Robertson drew the line in the sand, and other panelists jumped at the opportunity to attack.

"With all due respect, you have been in the business for 18 months and you have learned to make a lot of money in those 18 months," said Charles Sanders, counsel to the Harry Fox Agency, the National Music Publishers' Association licensing subsidiary. "I hope we are not using [a revamping of the system] as a code word for 'diminishing royalty.'"

Sanders said that most people have a false impression that Internet music sites are run by enthusiasts and college students as hobbies. "The concern cannot be that some college student be given the right to rip off songwriters and recording artists because that is a God-given right of college students."

Marc Morgenstern, who is a senior vice president of strategic planning and new media for ASCAP, a membership organization that collects royalties and fees on the behalf of publishers, artists, and songwriters, also said that Robertson's argument was deceptive.

"[The system] is not an onerous thing," said Morgenstern, noting that the ASCAP Web site has interactive calculators and forms to quickly get licenses.

Still, even some artists believe that the system can be improved so that they can continue receiving royalties and have the option to explore new distribution channels.

"Just because a system is not onerous and just because of the good intentions of ASCAP to protect [artists and songwriters] doesn't mean your system is a good system," said Thomas Dolby, a recording artist on the panel, a member of ASCAP, and cofounder of music technology firm Beatnik. "To try to put a square peg into a round hole and to say that the same system will apply to the Net is just unreasonable."

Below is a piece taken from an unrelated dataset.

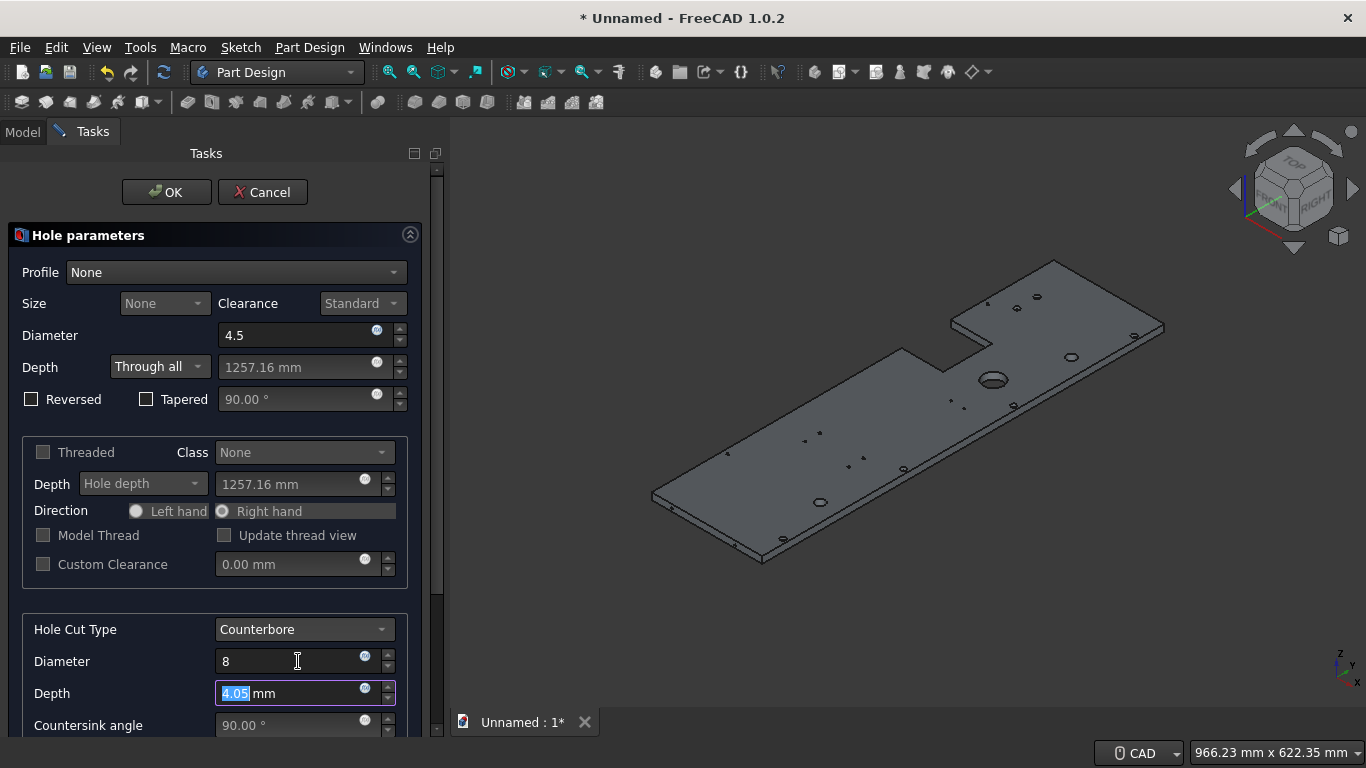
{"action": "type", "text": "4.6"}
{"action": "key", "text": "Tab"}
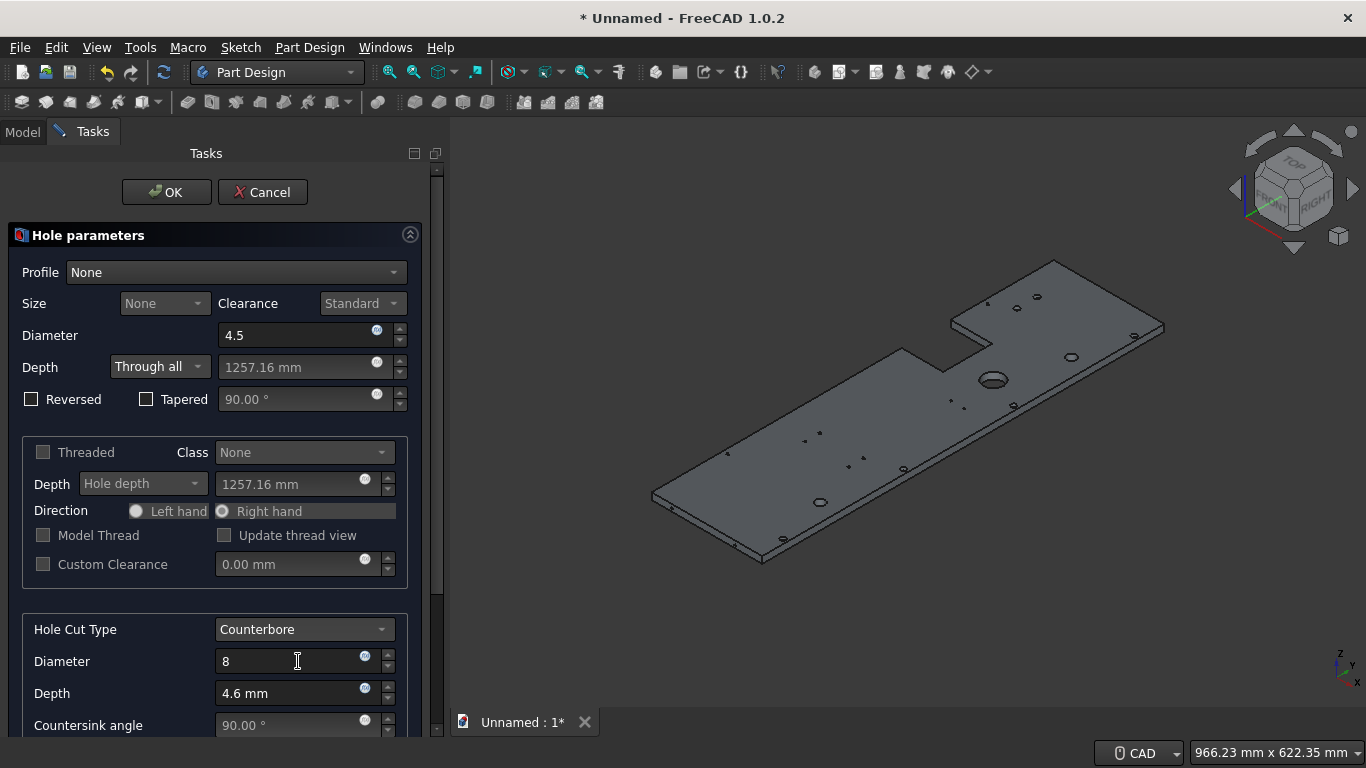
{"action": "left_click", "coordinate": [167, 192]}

Dolby also noted that piracy always has existed, ever since the reel-to-reel recorder became available.

"To me the issue is not piracy [but] one of control," he said.

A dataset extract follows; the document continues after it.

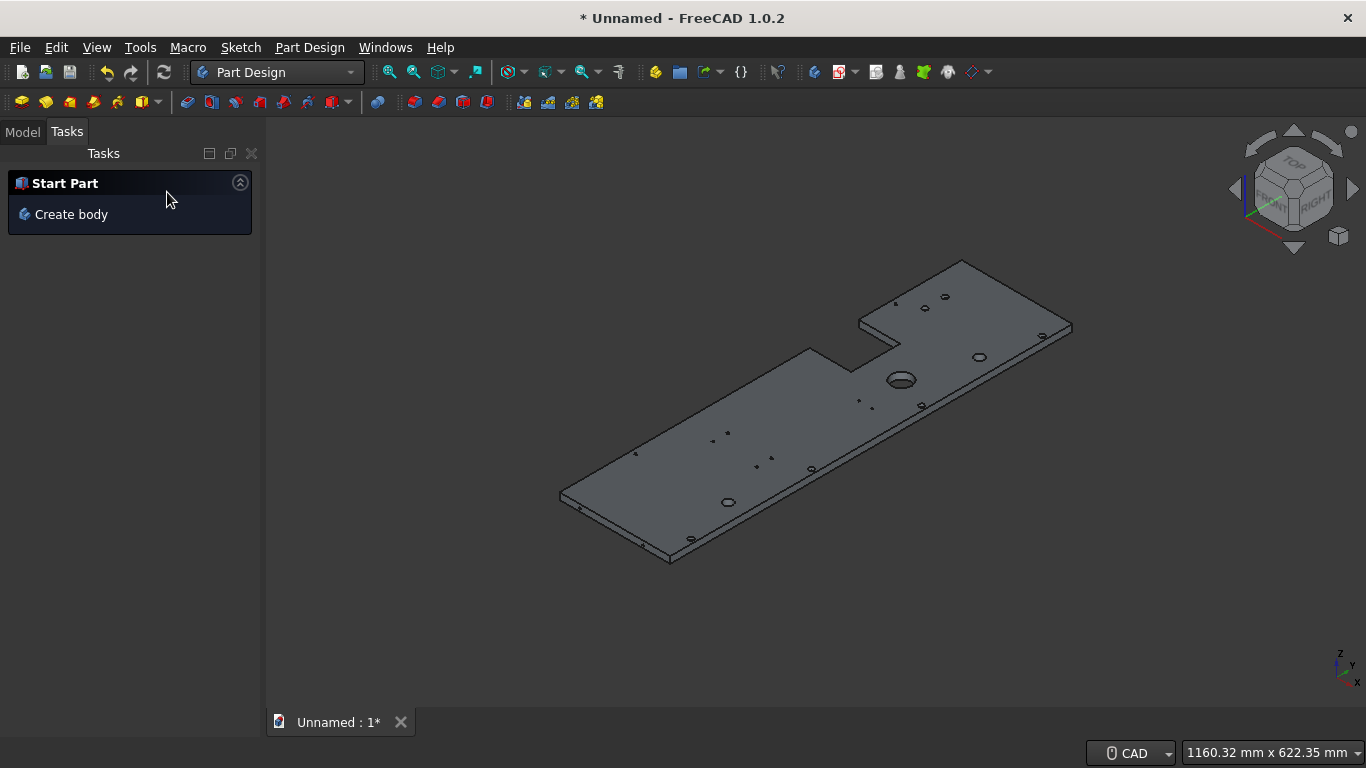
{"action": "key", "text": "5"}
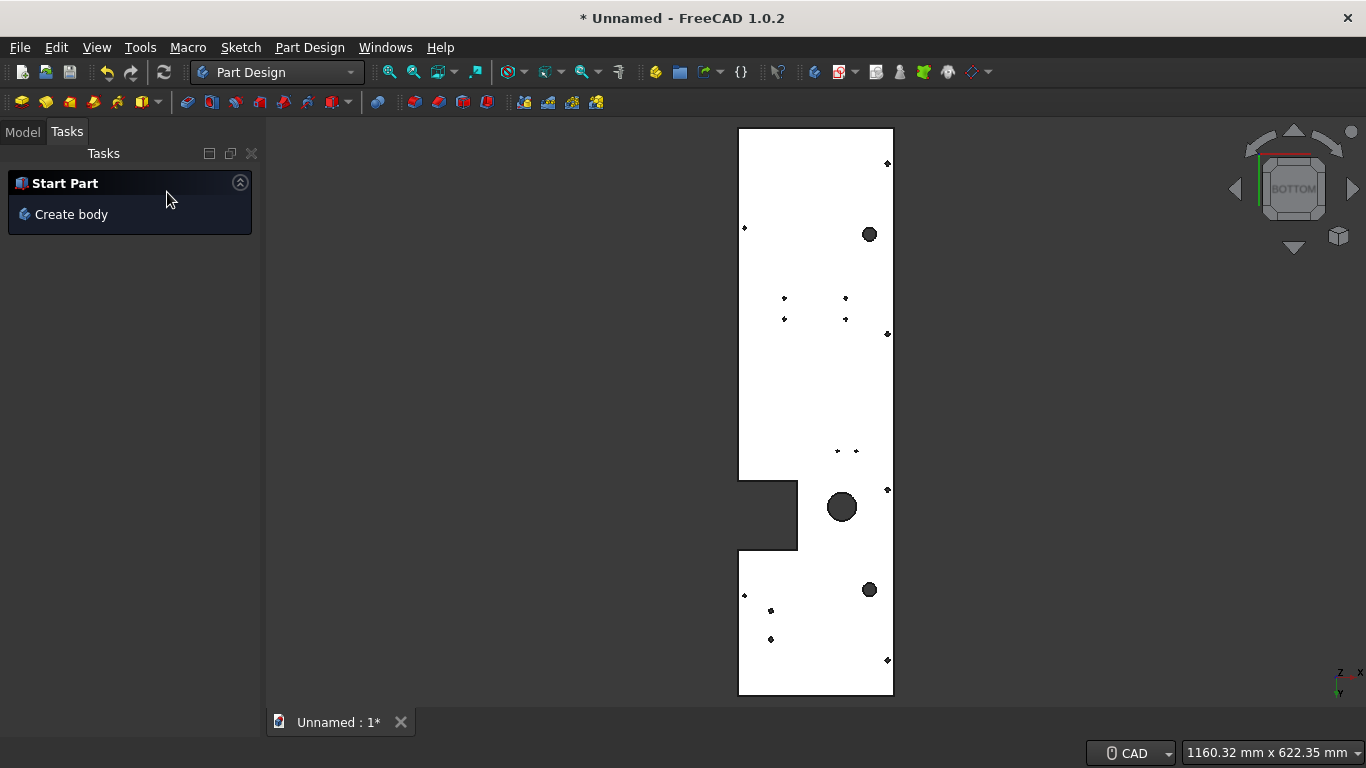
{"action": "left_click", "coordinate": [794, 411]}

In December, the Recording Industry Association of America announced the formation of the Secure Digital Music Initiative (SDMI), a consortium of record company and technology executives that is looking to develop specifications for secure music downloading that ostensibly could be part of any download technology.

"[SDMI] is a bold and courageous stroke by the music industry," said Dolby. "But it can also be viewed as the only thing that is going to save their [interests] from people like ['s Robertson]."

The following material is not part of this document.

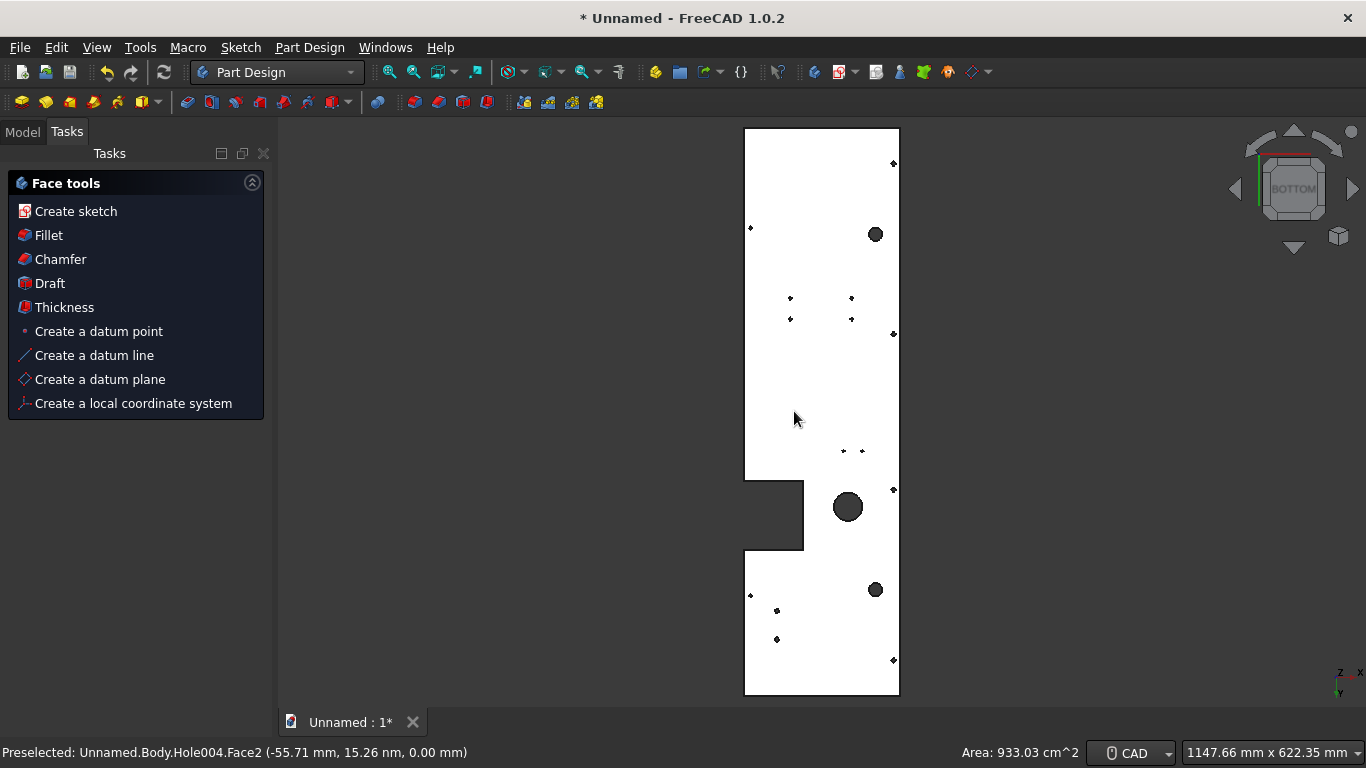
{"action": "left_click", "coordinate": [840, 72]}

SDMI is supported by many of the major players in the recording industry, including Bertelsmann's BMG Entertainment, EMI Recorded Music, Sony Music Entertainment, Seagram's Universal Music Group, and Time Warner's Warner Bros. and Warner Music Group.

Several major and independent record labels, as well as consumer electronics and technology firms, support the initiative, including America Online, AT&T, IBM, Intel, Lucent, Sony, and Toshiba.

The RIAA consortium has said that it is trying to balance technological advances while addressing the issue of artistic control and copyright law.

"SDMI is designed to provide the framework so that whatever the rules of transaction between the buyer and seller are, they can be respected by" devices and any other channels of delivering music, said Steven Marks, vice president and deputy general counsel for the RIAA, who also was a panelist.

Critics, however, note that representatives of the MP3 community and artists are not included in the consortium.

"I don't think anyone from the MP3 community is saying?that people should not be compensated for their work,'" said Robertson. "The question is how we do this in the digital age."